Les parties peuvent produire les justificatifs des sommes qu’elles demandent.
La somme allouée au titre du 2° ne peut être inférieure à la part contributive de l’Etat majorée de 50 %.
En l’espèce, les époux [Y] succombent en leurs demandes et restent tenus aux dépens.
En conséquence, il convient, d’une part, de les débouter de leur demande présentée sur le fondement de l’article 700 du code de procédure civile et, d’autre part, de les condamner à payer à la société SUPERMARCHES MATCH la somme de 1 500 € au titre des frais par elle exposés et non compris dans les dépens.
SUR L’EXECUTION PROVISOIRE
Il résulte de l’article R 121-21 du code des procédures civiles d’exécution que le délai d’appel et l’appel lui même des décisions du juge de l’exécution n’ont pas d’effet suspensif.

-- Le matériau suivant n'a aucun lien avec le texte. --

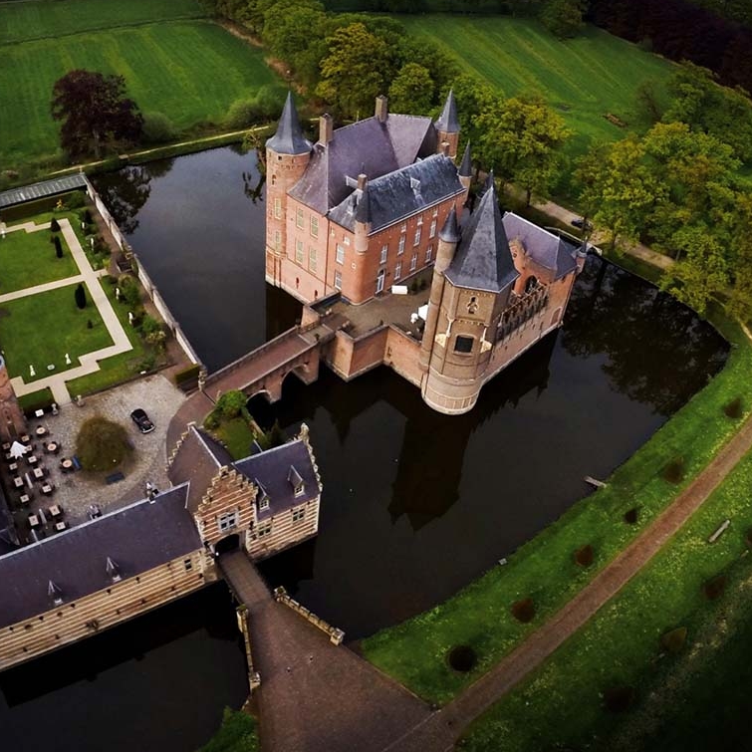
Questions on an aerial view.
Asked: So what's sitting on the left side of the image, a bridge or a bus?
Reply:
bridge
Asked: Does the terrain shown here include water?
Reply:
Yes
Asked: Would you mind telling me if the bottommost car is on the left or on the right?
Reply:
left
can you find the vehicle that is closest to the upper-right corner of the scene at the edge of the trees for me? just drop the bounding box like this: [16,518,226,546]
[569,218,593,231]
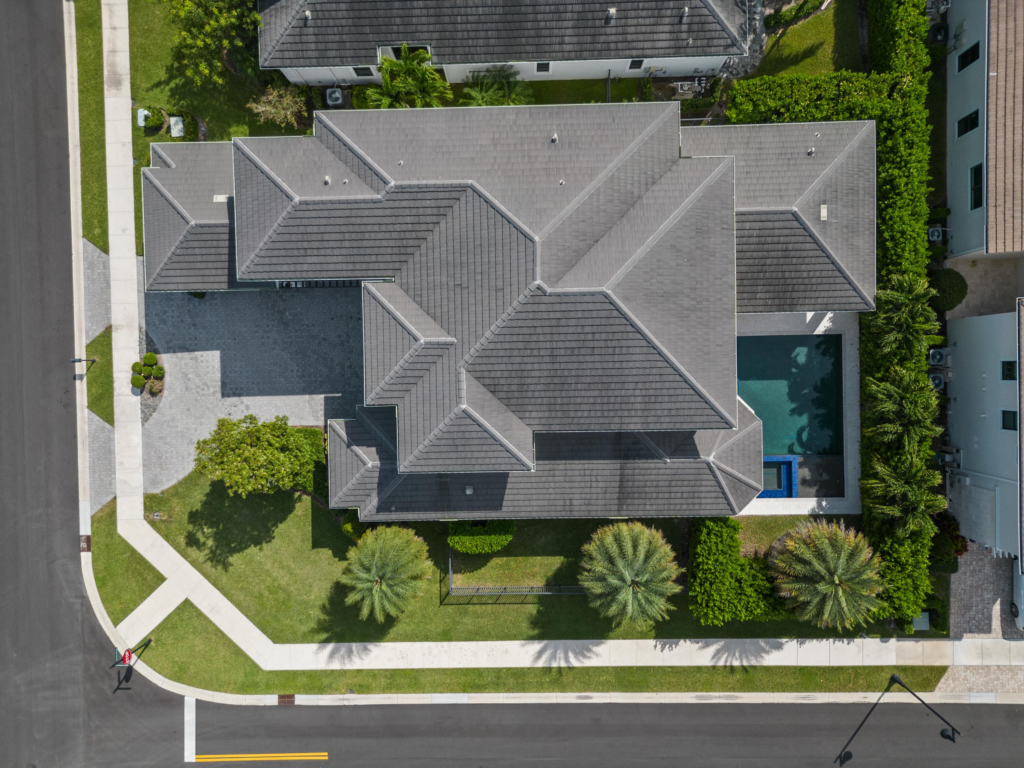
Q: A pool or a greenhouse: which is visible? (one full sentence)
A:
I can see a pool in this picture.
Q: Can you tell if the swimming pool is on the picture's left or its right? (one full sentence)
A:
The swimming pool is on the right side of the image.
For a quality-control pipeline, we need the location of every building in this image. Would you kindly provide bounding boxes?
[141,101,876,521]
[258,0,748,87]
[948,298,1024,575]
[946,0,1024,260]
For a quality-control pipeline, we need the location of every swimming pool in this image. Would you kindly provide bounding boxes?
[738,328,851,505]
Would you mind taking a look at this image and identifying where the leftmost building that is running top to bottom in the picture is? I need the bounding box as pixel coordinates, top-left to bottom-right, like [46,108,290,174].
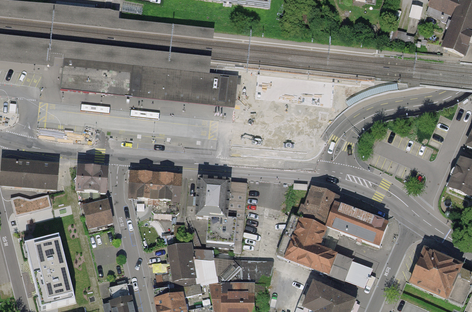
[24,232,76,312]
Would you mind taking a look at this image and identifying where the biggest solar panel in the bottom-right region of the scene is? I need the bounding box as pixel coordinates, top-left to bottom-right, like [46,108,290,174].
[332,218,375,242]

Les décisions du juge de l’exécution sont donc immédiatement exécutoires par effet de la loi.
PAR CES MOTIFS
Le juge de l’exécution, statuant après débats en audience publique, par jugement contradictoire, en premier ressort, mis à disposition au greffe,
RAPPELLE que dans son jugement en date du 2 décembre 2016, le tribunal a « fait injonction à M. et Mme [V] et [S] [Y]-[G] de ne pas s’approcher, interpeller, menacer ou insulter la clientèle, les collaborateurs et les livreurs des supermarchés MATCH » ;
DIT que cette injonction sera désormais assortie d’une astreinte provisoire de 500 € par infraction dûment constatée et prouvée pendant une durée maximale d’une année à compter de la notification de la présente décision ;
CONDAMNE in solidum Monsieur [V] [Y] et Madame [S] [G] épouse [Y] aux entiers dépens de l’instance ;
DEBOUTE Monsieur [V] [Y] et Madame [S] [G] épouse [Y] de leur demande présentée sur le fondement de l’article 700 du code de procédure civile ;
CONDAMNE in solidum Monsieur [V] [Y] et Madame [S] [G] épouse [Y] à payer à la société SUPERMARCHES MATCH la somme de 1 500 € au titre des frais par elle engagés et non compris dans les dépens.
RAPPELLE que le délai d’appel et l’appel lui-même ne sont pas suspensifs d’exécution,
En foi de quoi le présent jugement a été signé par le juge et le greffier.